### AIM OF THE EXERCISE
Examine the entries and show every line in which the word "autre" is found.

### THE RECORDS
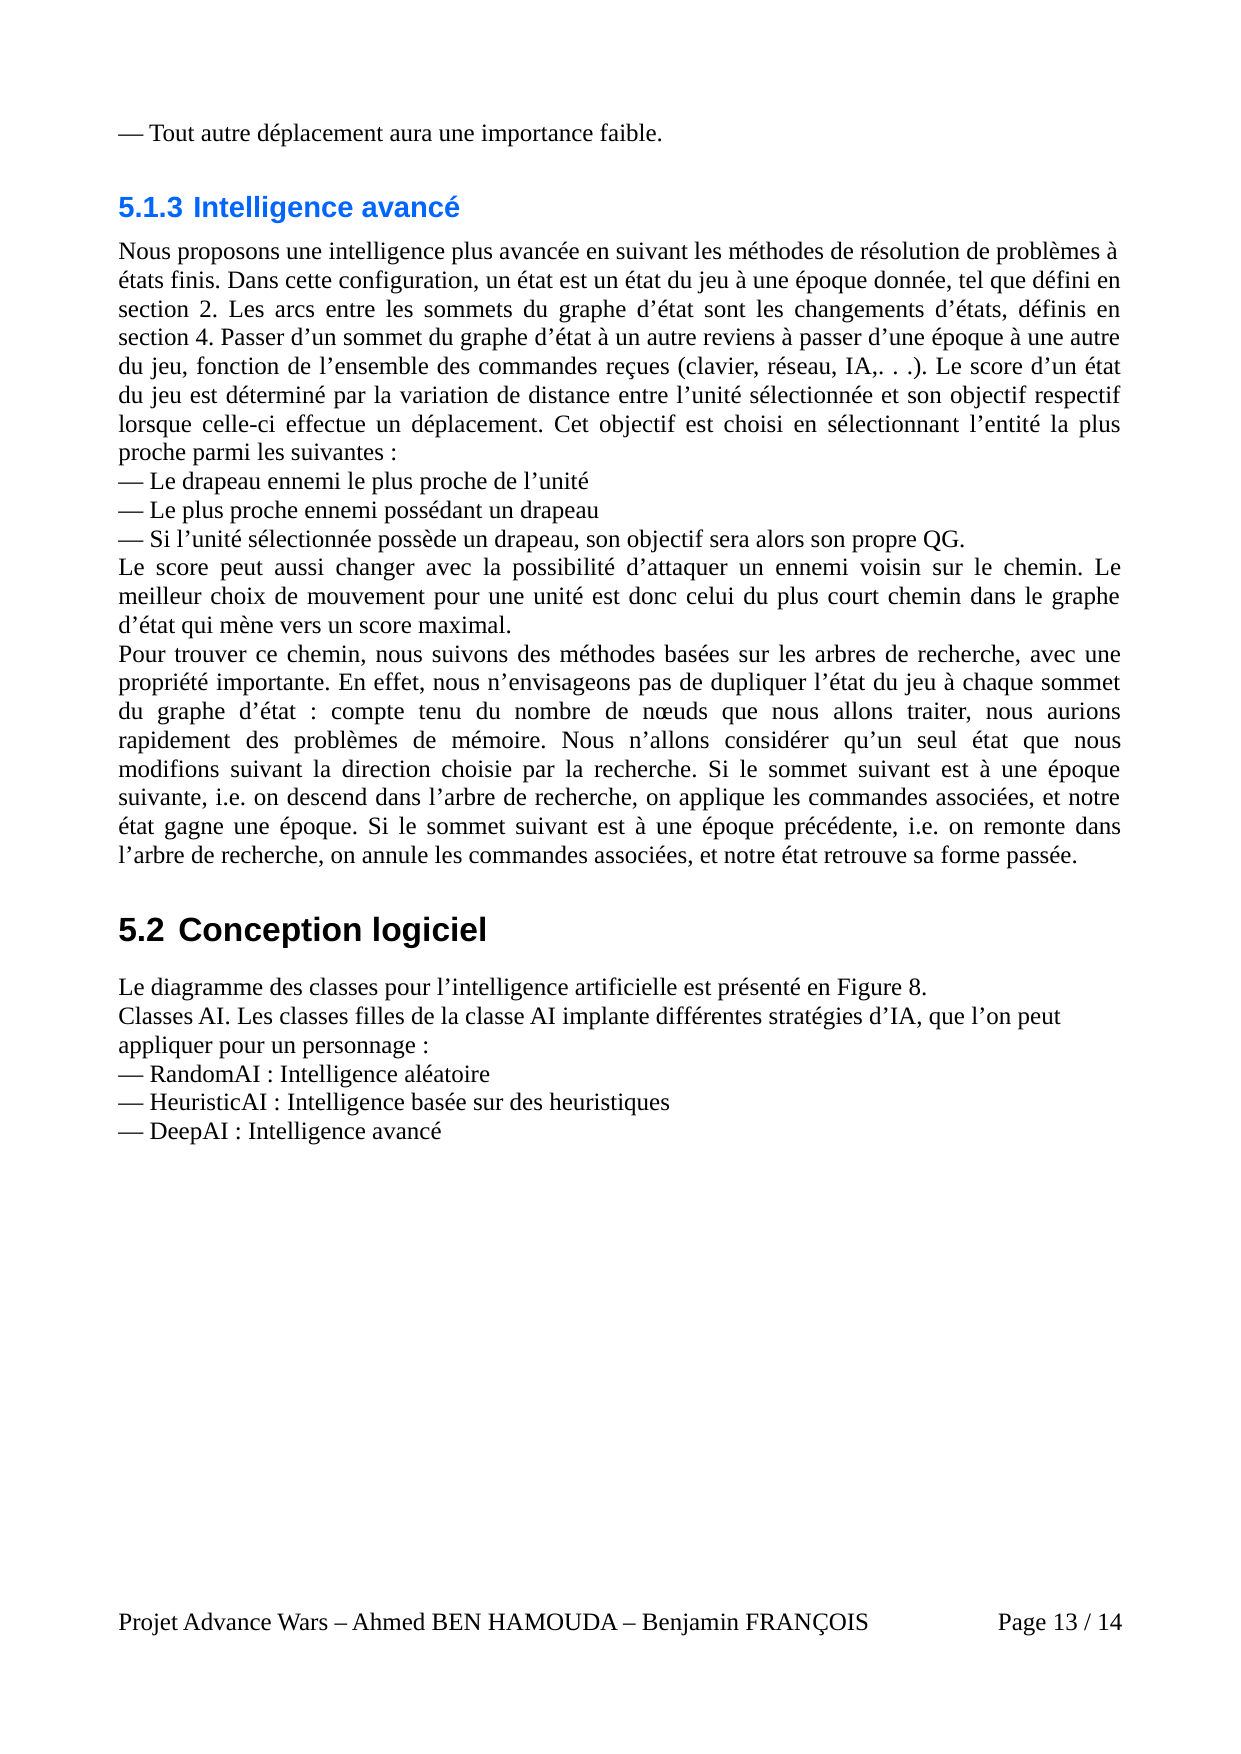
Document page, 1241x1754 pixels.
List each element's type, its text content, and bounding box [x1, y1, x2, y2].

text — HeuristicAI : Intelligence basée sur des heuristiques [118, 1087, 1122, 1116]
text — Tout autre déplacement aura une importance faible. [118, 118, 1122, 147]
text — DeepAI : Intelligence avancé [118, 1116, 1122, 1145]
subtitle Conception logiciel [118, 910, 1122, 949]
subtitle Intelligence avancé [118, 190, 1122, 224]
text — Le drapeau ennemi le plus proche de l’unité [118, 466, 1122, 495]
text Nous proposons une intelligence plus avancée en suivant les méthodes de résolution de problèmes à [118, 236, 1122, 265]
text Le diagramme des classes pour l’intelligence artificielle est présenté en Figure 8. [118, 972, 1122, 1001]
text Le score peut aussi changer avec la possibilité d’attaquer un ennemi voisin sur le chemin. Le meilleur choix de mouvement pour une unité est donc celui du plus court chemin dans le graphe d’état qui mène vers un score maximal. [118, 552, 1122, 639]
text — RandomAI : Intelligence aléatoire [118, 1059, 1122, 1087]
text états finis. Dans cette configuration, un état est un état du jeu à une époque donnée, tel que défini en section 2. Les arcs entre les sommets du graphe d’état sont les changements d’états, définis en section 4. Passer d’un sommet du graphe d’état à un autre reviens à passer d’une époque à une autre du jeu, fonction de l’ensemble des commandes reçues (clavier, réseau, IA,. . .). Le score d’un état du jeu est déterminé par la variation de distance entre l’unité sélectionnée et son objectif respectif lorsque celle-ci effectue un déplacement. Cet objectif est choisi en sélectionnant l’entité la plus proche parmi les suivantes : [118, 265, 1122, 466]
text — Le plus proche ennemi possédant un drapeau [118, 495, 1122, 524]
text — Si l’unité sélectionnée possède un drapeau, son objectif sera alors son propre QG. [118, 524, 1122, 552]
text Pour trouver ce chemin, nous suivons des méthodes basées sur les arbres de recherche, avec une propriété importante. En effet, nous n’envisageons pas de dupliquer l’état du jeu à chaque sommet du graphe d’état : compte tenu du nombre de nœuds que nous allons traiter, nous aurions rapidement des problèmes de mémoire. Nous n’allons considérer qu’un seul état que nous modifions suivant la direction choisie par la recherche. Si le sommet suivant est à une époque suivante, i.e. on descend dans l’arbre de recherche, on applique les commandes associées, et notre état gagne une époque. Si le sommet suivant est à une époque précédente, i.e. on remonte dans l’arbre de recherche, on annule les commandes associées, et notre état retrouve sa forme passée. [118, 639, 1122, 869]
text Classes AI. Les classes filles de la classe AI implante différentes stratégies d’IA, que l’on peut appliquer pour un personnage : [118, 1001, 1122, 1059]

### YOUR RESPONSE
text — Tout autre déplacement aura une importance faible. [118, 118, 1122, 147]
text états finis. Dans cette configuration, un état est un état du jeu à une époque donnée, tel que défini en section 2. Les arcs entre les sommets du graphe d’état sont les changements d’états, définis en section 4. Passer d’un sommet du graphe d’état à un autre reviens à passer d’une époque à une autre du jeu, fonction de l’ensemble des commandes reçues (clavier, réseau, IA,. . .). Le score d’un état du jeu est déterminé par la variation de distance entre l’unité sélectionnée et son objectif respectif lorsque celle-ci effectue un déplacement. Cet objectif est choisi en sélectionnant l’entité la plus proche parmi les suivantes : [118, 265, 1122, 466]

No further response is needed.